(Records drawn from a dataset)
::::::
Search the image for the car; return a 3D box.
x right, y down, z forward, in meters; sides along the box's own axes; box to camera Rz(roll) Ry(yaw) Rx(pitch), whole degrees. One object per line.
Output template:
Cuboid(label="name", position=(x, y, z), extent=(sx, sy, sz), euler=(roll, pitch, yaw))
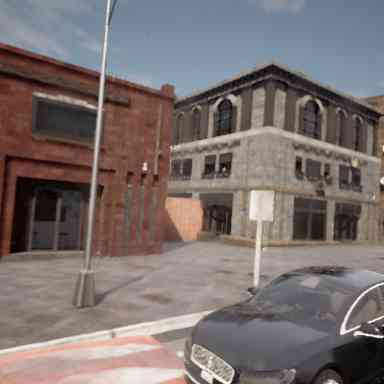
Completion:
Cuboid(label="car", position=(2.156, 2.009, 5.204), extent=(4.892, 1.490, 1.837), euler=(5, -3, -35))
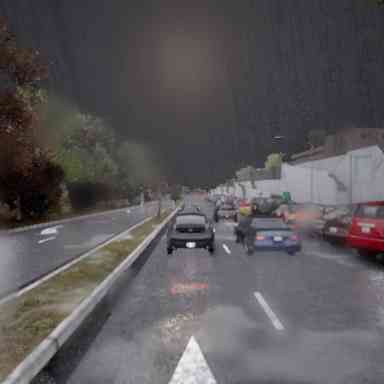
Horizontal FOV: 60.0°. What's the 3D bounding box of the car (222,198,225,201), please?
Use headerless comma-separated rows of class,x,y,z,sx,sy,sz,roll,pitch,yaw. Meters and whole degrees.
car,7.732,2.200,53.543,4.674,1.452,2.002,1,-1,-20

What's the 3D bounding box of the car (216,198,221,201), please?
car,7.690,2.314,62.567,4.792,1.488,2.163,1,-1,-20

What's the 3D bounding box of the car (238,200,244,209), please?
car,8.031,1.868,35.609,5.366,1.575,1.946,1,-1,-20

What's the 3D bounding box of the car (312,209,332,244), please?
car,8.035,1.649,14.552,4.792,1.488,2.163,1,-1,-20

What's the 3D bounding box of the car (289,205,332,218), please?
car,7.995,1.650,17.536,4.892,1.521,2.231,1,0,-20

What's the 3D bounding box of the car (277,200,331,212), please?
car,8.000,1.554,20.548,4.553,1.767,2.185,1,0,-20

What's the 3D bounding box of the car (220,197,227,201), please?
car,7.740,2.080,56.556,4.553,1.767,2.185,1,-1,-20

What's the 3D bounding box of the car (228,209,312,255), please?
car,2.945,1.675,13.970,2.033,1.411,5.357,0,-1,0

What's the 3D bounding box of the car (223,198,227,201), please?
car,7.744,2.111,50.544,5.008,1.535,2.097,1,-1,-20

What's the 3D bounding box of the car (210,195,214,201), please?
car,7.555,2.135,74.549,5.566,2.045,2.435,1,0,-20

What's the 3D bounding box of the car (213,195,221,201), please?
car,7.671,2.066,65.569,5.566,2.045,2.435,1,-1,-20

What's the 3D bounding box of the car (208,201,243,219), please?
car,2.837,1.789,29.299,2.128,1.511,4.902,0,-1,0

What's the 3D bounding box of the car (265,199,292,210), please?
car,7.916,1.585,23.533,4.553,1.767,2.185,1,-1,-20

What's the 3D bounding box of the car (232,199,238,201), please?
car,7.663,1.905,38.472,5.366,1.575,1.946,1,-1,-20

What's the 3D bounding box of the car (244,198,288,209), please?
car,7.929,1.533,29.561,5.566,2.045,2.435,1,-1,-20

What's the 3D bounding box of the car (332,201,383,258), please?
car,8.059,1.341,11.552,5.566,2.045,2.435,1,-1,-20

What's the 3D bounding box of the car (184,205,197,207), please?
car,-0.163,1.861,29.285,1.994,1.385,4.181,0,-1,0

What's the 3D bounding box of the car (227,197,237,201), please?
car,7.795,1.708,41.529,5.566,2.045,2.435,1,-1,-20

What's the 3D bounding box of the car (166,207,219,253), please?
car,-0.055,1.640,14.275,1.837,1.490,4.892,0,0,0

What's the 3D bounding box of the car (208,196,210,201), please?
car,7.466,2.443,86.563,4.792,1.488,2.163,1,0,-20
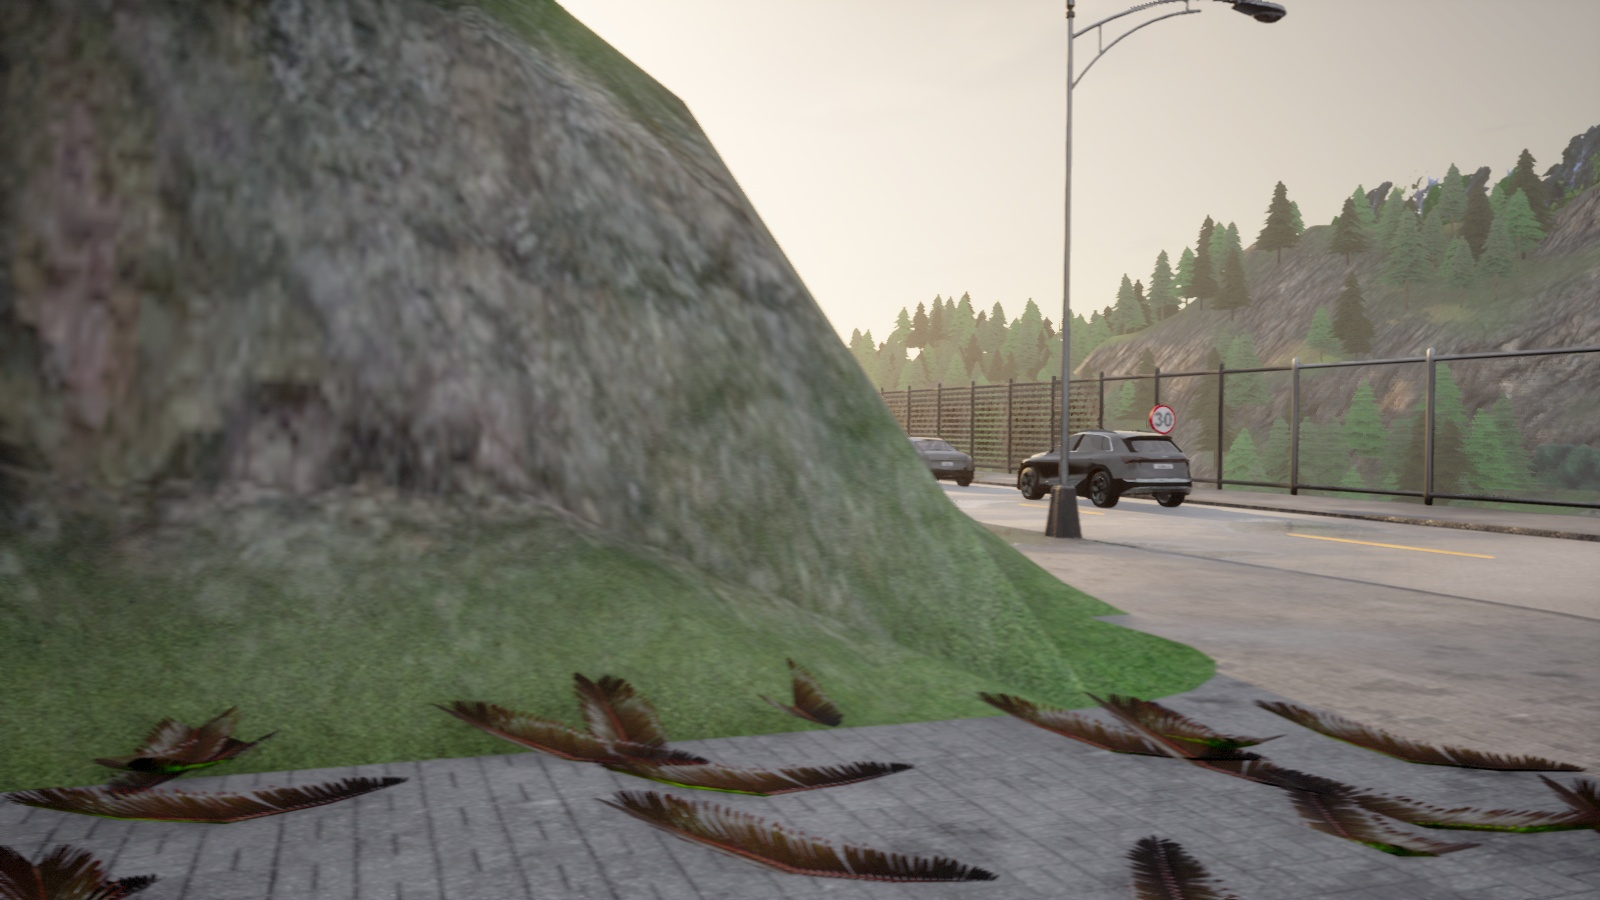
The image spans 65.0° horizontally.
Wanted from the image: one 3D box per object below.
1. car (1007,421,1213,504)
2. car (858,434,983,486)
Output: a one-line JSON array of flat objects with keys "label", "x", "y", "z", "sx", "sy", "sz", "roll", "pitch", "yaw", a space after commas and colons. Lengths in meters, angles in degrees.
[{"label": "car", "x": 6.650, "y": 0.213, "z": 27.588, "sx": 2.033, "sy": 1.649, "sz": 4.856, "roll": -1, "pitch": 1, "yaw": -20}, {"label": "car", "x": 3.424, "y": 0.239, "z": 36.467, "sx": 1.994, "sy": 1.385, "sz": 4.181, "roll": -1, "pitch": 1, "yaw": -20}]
::::::
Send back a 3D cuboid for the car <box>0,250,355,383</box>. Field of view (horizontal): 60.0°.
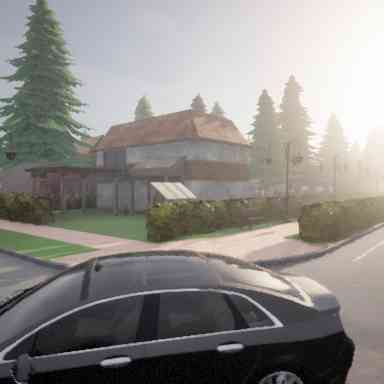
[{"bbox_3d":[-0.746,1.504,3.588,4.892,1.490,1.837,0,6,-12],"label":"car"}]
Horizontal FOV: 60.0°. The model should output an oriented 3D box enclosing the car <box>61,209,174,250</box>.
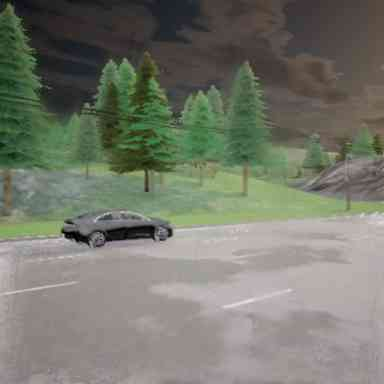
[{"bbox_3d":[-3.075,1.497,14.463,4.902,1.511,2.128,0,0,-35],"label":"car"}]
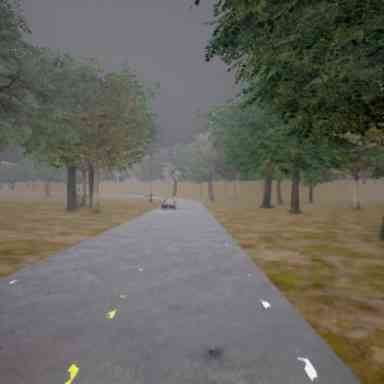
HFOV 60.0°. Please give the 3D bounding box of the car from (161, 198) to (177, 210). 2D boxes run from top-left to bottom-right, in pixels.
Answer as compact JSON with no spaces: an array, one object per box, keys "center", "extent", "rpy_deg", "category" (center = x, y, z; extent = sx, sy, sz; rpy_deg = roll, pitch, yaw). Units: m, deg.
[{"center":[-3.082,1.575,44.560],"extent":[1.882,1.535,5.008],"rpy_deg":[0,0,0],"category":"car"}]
::::::
_REQUIRED WORK_
State how many lines in the entries above include the word "image"; reply with the number alone.

_RESPONSE BELOW_
3